Summary
As an Ops Data Engineer, you will play a crucial role in ensuring the reliability and integrity of our data pipelines and systems on GCP. You'll be responsible for triaging, researching, and resolving data-related incidents, performing root cause analysis, and collaborating with the data engineering team to implement sustainable solutions. This role requires a strong understanding of data processes, excellent problem-solving abilities, and effective communication & collaboration skills.
Essential Duties And Responsibilities
- Triage and prioritize incoming data incident tickets, effectively communicating with Product Owner and other stakeholders to gather necessary information.
- Research and analyze data issues across various GCP services and data pipelines, identifying the root cause of discrepancies and failures.
- Resolve data incidents by implementing corrective actions, performing data corrections, and restarting/reprocessing data flows as needed.

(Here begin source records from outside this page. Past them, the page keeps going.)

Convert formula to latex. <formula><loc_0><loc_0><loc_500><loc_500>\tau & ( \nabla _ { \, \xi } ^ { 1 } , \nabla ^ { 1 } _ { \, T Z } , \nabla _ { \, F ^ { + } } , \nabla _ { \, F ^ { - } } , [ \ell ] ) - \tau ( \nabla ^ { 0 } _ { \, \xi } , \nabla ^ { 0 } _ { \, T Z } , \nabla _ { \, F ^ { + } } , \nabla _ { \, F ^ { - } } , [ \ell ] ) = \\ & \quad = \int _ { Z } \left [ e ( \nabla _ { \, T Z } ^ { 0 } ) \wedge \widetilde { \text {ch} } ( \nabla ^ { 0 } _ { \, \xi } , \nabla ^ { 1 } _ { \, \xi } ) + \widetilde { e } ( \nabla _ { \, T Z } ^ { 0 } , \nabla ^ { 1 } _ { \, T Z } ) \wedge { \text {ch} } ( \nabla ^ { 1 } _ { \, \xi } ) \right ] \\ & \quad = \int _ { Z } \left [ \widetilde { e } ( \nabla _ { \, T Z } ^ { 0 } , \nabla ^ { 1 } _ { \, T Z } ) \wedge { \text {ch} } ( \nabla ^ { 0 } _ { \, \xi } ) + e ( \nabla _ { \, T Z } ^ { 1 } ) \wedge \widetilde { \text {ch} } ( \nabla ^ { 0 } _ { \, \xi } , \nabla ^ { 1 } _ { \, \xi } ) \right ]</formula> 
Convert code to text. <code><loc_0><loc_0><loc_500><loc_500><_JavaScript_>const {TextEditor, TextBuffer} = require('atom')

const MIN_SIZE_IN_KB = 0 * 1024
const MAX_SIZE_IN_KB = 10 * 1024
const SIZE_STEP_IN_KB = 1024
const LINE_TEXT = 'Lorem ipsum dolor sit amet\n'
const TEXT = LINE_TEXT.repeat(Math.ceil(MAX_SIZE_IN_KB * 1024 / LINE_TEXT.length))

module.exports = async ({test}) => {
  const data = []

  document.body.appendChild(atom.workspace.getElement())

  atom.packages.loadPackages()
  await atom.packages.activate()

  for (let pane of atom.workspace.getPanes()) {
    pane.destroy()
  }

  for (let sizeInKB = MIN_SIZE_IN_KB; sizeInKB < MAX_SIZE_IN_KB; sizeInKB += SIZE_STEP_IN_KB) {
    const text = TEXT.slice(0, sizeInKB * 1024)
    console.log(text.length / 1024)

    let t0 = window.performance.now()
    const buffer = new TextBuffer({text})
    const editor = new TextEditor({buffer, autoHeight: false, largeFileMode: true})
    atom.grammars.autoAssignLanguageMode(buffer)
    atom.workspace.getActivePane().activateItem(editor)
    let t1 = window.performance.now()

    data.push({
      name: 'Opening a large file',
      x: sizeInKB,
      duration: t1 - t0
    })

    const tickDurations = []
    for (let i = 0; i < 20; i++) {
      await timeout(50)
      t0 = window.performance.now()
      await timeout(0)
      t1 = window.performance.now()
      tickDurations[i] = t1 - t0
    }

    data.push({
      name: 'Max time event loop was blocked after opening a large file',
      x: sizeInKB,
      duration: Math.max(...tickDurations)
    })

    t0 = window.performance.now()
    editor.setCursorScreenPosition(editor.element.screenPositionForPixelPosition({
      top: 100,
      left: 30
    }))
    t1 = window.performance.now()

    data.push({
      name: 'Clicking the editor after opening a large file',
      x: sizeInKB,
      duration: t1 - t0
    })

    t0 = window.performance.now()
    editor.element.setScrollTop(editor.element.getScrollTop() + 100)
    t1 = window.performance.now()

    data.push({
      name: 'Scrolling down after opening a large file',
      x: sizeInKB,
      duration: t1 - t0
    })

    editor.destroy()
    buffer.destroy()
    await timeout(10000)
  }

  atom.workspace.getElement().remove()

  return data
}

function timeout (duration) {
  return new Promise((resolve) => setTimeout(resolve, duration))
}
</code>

- Collaborate with Senior Data Engineers and Data Architects to escalate complex issues and contribute to long-term solutions.
- Monitor data pipeline health and performance, proactively identifying potential issues and trends.
- Document incident details, resolutions, and contribute to a knowledge base for common data issues.
- Participate in on-call rotations to provide timely support for critical data incidents.
- Assist in the testing and validation of data pipeline changes and new deployments.
- Contribute to the continuous improvement of our data operations processes and tools.
- Perform some light SQL and Python development as needed
Qualifications: Required Education:
Bachelor’s Degree or 4 years equivalent professional experience
Required Experience
- 3-4 years of professional experience in data operations, data support, data analysis, or a similar role with exposure to data systems.
- Proficiency in SQL, with a good understanding of relational databases.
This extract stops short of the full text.